Recorded information>
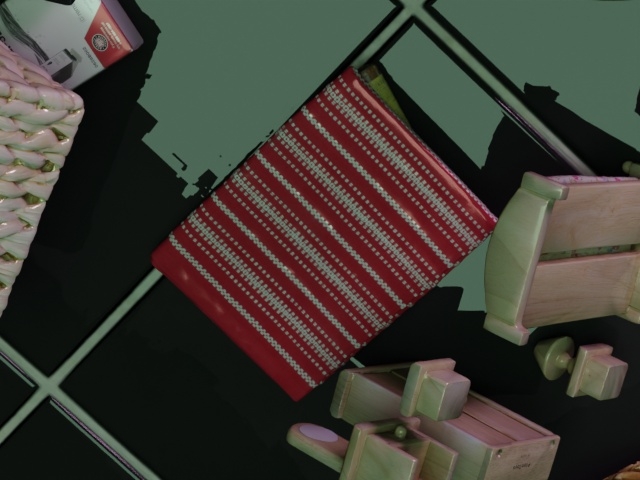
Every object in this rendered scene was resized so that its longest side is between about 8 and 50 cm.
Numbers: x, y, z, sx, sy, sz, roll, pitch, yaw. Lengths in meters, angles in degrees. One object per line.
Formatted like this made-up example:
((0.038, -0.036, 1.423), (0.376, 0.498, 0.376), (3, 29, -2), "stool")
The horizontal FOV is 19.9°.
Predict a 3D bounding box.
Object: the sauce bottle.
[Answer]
((0.061, -0.094, 1.623), (0.042, 0.042, 0.128), (-28, 99, 12), "sauce bottle")

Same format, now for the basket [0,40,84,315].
((-0.426, -0.081, 1.467), (0.331, 0.328, 0.266), (36, 106, 34), "basket")

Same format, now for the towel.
((0.000, 0.000, 1.639), (0.199, 0.031, 0.275), (45, 113, -7), "towel")

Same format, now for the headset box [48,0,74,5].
((-0.294, -0.345, 1.455), (0.246, 0.283, 0.131), (16, 63, 1), "headset box")

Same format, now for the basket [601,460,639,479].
((0.348, 0.342, 1.672), (0.223, 0.213, 0.299), (-28, 111, -34), "basket")

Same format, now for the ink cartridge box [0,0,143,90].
((-0.242, -0.177, 1.619), (0.135, 0.056, 0.099), (-31, 100, 12), "ink cartridge box")

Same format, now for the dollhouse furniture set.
((0.137, 0.019, 1.558), (0.173, 0.303, 0.356), (26, 108, 37), "dollhouse furniture set")
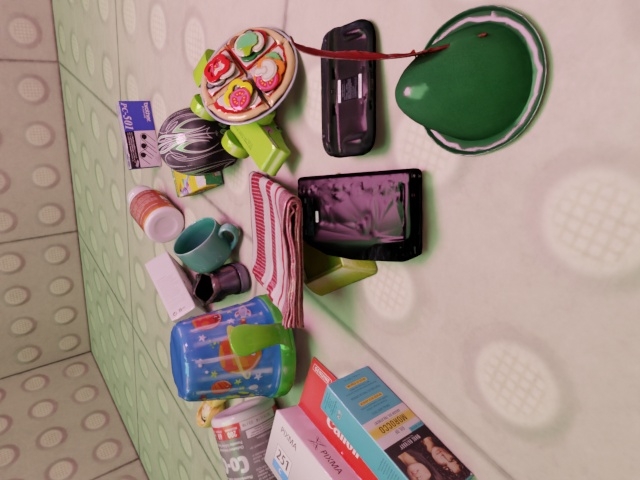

Try it>
Leaving aside the pictures, copy the listing above exactly.

Output of the exercise>
Every object in this rendered scene was resized so that its longest side is between about 8 and 50 cm.
Numbers: x, y, z, sx, sy, sz, roll, pitch, yaw. Lengths in meters, angles in degrees. One object per line.
Formatted like this made-up example:
((0.038, -0.036, 1.423), (0.376, 0.498, 0.376), (3, 29, -2), "stool")
The horizontal FOV is 19.9°.
Predict a 3D bounding box.
Object: the sauce bottle.
[Answer]
((0.061, -0.094, 1.623), (0.042, 0.042, 0.128), (-28, 99, 12), "sauce bottle")

Same format, now for the basket [0,40,84,315].
((-0.426, -0.081, 1.467), (0.331, 0.328, 0.266), (36, 106, 34), "basket")

Same format, now for the towel.
((0.000, 0.000, 1.639), (0.199, 0.031, 0.275), (45, 113, -7), "towel")

Same format, now for the headset box [48,0,74,5].
((-0.294, -0.345, 1.455), (0.246, 0.283, 0.131), (16, 63, 1), "headset box")

Same format, now for the basket [601,460,639,479].
((0.348, 0.342, 1.672), (0.223, 0.213, 0.299), (-28, 111, -34), "basket")

Same format, now for the ink cartridge box [0,0,143,90].
((-0.242, -0.177, 1.619), (0.135, 0.056, 0.099), (-31, 100, 12), "ink cartridge box")

Same format, now for the dollhouse furniture set.
((0.137, 0.019, 1.558), (0.173, 0.303, 0.356), (26, 108, 37), "dollhouse furniture set")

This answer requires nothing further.